Saliva: Collect 2 ml into Oragene™ DNA Self-Collection container. Store and ship at room temperature.
DNA: Send 20 μg in TE at 50-100 ng/μl. Store frozen and ship on ice or dry ice.
Prenatal: Prenatal testing is available. Please call an Ambry Genetic Counselor to discuss your case.
| Test Code | Technique | CPT Codes |
|---|---|---|
| 2400 | UBE3A Gene Sequence Analysis | 83891x1, 83894x11, 83898x10, 83904x23, 83909x23, 83912x1 |
| 2420 | Angelman Syndrome, X-Linked SLC9A6 | 83891x1, 83894x16, 83898x15, 83904x28, 83909x28, 83912x1 |
| 2440 | SNRPN Methylation | 83891x1, 83892x1, 83894x2, 83898x1, 83904x3, 83909x3, 83912x1 |
| 8520 | Angelman Syndrome SNRPN and UBE3A | 83891x1, 83892x1, 83894x12, 83898x11, 83904x26, 83909x26, 83912x2 |
| Technique | Days |
|---|---|
| UBE3A Gene Sequence Analysis | 14-21 |
| Angelman Syndrome, X-Linked SLC9A6 | 14-21 |
| SNRPN Methylation | 7-14 |
| Angelman Syndrome SNRPN and UBE3A |
1 Glenn C et al. Mol. Hum Repro. 1997; 3(4): 321-32.

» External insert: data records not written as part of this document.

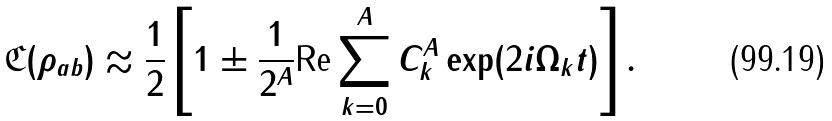<formula> <loc_0><loc_0><loc_500><loc_500>\mathfrak { C } ( \rho _ { a b } ) \approx \frac { 1 } { 2 } \left [ 1 \pm \frac { 1 } { 2 ^ { A } } \text {Re} \sum _ { k = 0 } ^ { A } C _ { k } ^ { A } \exp ( 2 i \Omega _ { k } t ) \right ] .</formula> 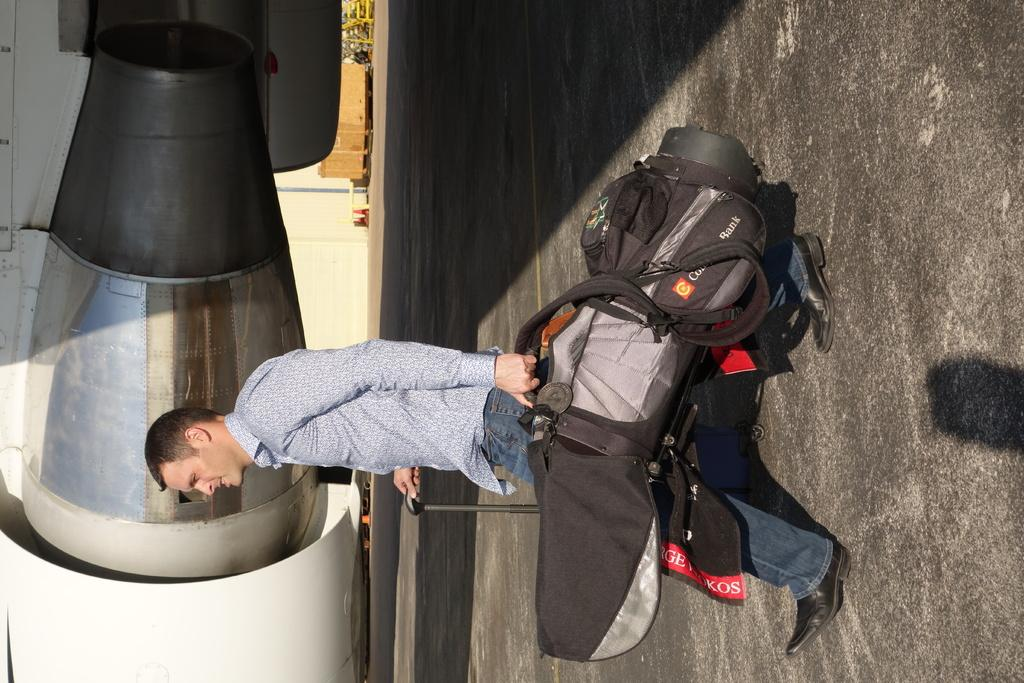What is the main subject of the image? There is a person in the image. Can you describe the person's attire? The person is wearing a shirt and pants. What is the person doing in the image? The person is standing. What is the person holding in the image? The person is holding a bag and a stick in his hand. What can be seen in the background of the image? There is a flag, an aircraft, and other objects in the background of the image. Where is the throne located in the image? There is no throne present in the image. What type of cap is the person wearing in the image? The person is not wearing a cap in the image. What kind of pets can be seen in the image? There are no pets visible in the image. 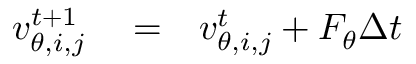Convert formula to latex. <formula><loc_0><loc_0><loc_500><loc_500>\begin{array} { r l r } { v _ { \theta , i , j } ^ { t + 1 } } & = } & { v _ { \theta , i , j } ^ { t } + F _ { \theta } \Delta t } \end{array}</formula>

2 Holm VA et al. Pediatrics 1993; 91(2): 398-402.
3 Scheimann A. (2006). Prader-Willi Syndrome. eMedicine, http://www.emedicine.com/ped/topic1880.htm. Accessed August 17, 2009.
4 Torrado M et al. Am J Med Genet A. 2007 Mar 1;143(5):460-8.
5 Holland AJ et al. Psychol Med. 2003; 33; 141-53.
6 Descheemaeker M.J et al. Am J Med Genet Part A.2006;140A: 1136-1142.